#### [Problem details]
Your answer should consist of the line holding "Next, the ink cartridge box (260,0,364,55)." and all lines after it to the end of the material, copied exactly.

#### [Input for this task]
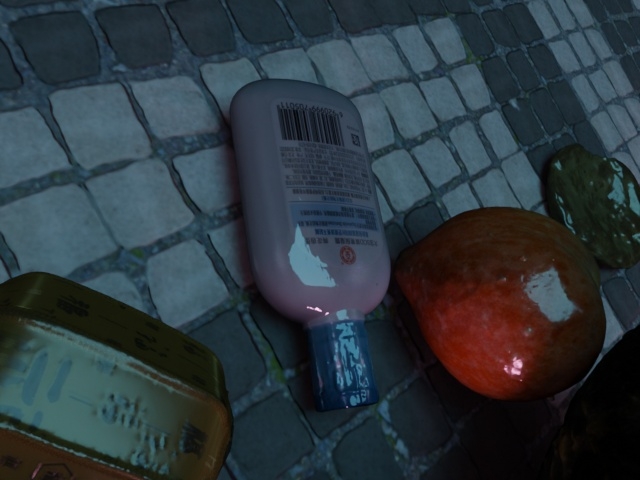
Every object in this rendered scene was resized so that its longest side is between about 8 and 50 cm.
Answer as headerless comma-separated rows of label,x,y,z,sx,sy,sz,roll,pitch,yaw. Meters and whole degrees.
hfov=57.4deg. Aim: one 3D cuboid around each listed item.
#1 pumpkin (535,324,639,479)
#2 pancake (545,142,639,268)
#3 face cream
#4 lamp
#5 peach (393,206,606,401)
pumpkin,0.384,0.277,0.542,0.455,0.344,0.453,-26,127,-42
pancake,0.458,-0.056,0.966,0.236,0.042,0.222,-10,82,-34
face cream,0.000,0.000,0.597,0.163,0.080,0.336,2,71,-35
lamp,-0.163,0.118,0.392,0.185,0.161,0.161,34,55,-19
peach,0.190,0.063,0.650,0.233,0.233,0.232,14,64,-30
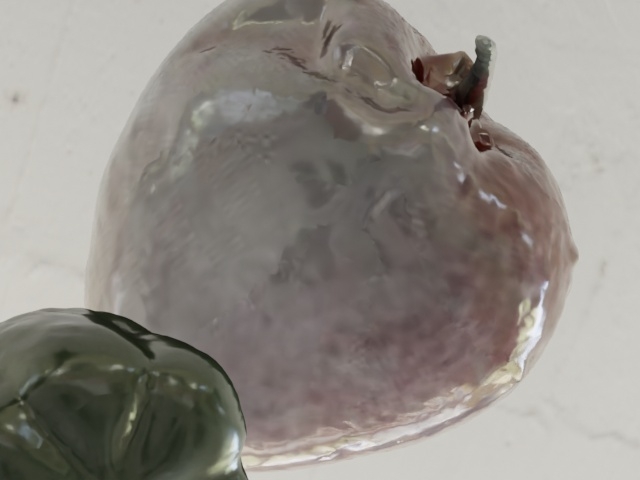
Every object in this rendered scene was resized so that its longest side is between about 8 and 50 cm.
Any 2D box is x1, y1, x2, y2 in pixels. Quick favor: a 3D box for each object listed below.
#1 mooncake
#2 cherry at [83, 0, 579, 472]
[{"bbox_3d":[-0.118,0.118,0.837,0.175,0.104,0.168,-51,-59,-12],"label":"mooncake"},{"bbox_3d":[-0.007,-0.011,1.167,0.335,0.291,0.326,-16,-83,10],"label":"cherry"}]
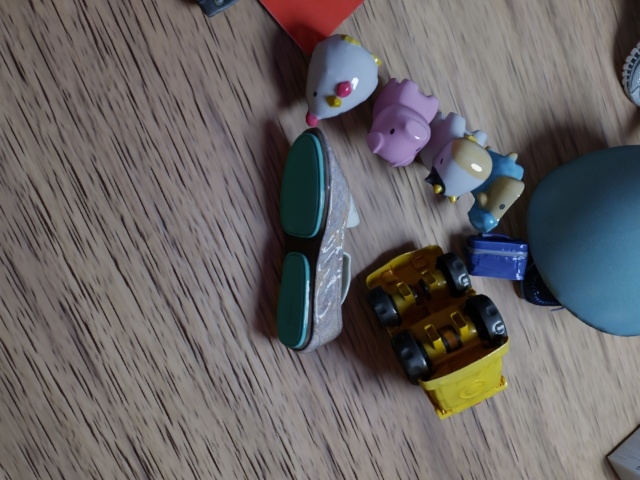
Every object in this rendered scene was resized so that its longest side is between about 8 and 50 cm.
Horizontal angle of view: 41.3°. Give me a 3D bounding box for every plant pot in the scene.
[{"bbox_3d":[0.481,-0.026,1.244,0.290,0.195,0.290,9,64,-20],"label":"plant pot"}]

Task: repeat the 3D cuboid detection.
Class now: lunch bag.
[{"bbox_3d":[0.264,0.021,1.292,0.098,0.067,0.065,5,97,2],"label":"lunch bag"}]

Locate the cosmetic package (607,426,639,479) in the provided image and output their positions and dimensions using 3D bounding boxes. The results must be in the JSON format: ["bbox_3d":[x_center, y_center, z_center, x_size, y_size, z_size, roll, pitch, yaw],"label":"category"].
[{"bbox_3d":[0.717,0.442,1.517,0.284,0.097,0.377,-37,109,-10],"label":"cosmetic package"}]

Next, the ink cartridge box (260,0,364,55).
[{"bbox_3d":[0.031,-0.489,1.125,0.385,0.091,0.308,-46,110,-10],"label":"ink cartridge box"}]

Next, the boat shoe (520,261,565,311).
[{"bbox_3d":[0.446,0.047,1.360,0.258,0.089,0.109,-16,103,-18],"label":"boat shoe"}]

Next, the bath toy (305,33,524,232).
[{"bbox_3d":[0.122,-0.147,1.181,0.348,0.151,0.129,31,91,-18],"label":"bath toy"}]

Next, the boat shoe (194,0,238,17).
[{"bbox_3d":[-0.028,-0.396,1.074,0.335,0.121,0.119,-23,119,12],"label":"boat shoe"}]

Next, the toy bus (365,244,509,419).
[{"bbox_3d":[0.178,0.148,1.241,0.149,0.220,0.211,-26,137,-3],"label":"toy bus"}]

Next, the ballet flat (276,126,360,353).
[{"bbox_3d":[0.000,0.000,1.192,0.106,0.107,0.316,-3,105,-40],"label":"ballet flat"}]

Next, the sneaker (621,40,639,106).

#### [Output below]
Next, the ink cartridge box (260,0,364,55).
[{"bbox_3d":[0.031,-0.489,1.125,0.385,0.091,0.308,-46,110,-10],"label":"ink cartridge box"}]

Next, the boat shoe (520,261,565,311).
[{"bbox_3d":[0.446,0.047,1.360,0.258,0.089,0.109,-16,103,-18],"label":"boat shoe"}]

Next, the bath toy (305,33,524,232).
[{"bbox_3d":[0.122,-0.147,1.181,0.348,0.151,0.129,31,91,-18],"label":"bath toy"}]

Next, the boat shoe (194,0,238,17).
[{"bbox_3d":[-0.028,-0.396,1.074,0.335,0.121,0.119,-23,119,12],"label":"boat shoe"}]

Next, the toy bus (365,244,509,419).
[{"bbox_3d":[0.178,0.148,1.241,0.149,0.220,0.211,-26,137,-3],"label":"toy bus"}]

Next, the ballet flat (276,126,360,353).
[{"bbox_3d":[0.000,0.000,1.192,0.106,0.107,0.316,-3,105,-40],"label":"ballet flat"}]

Next, the sneaker (621,40,639,106).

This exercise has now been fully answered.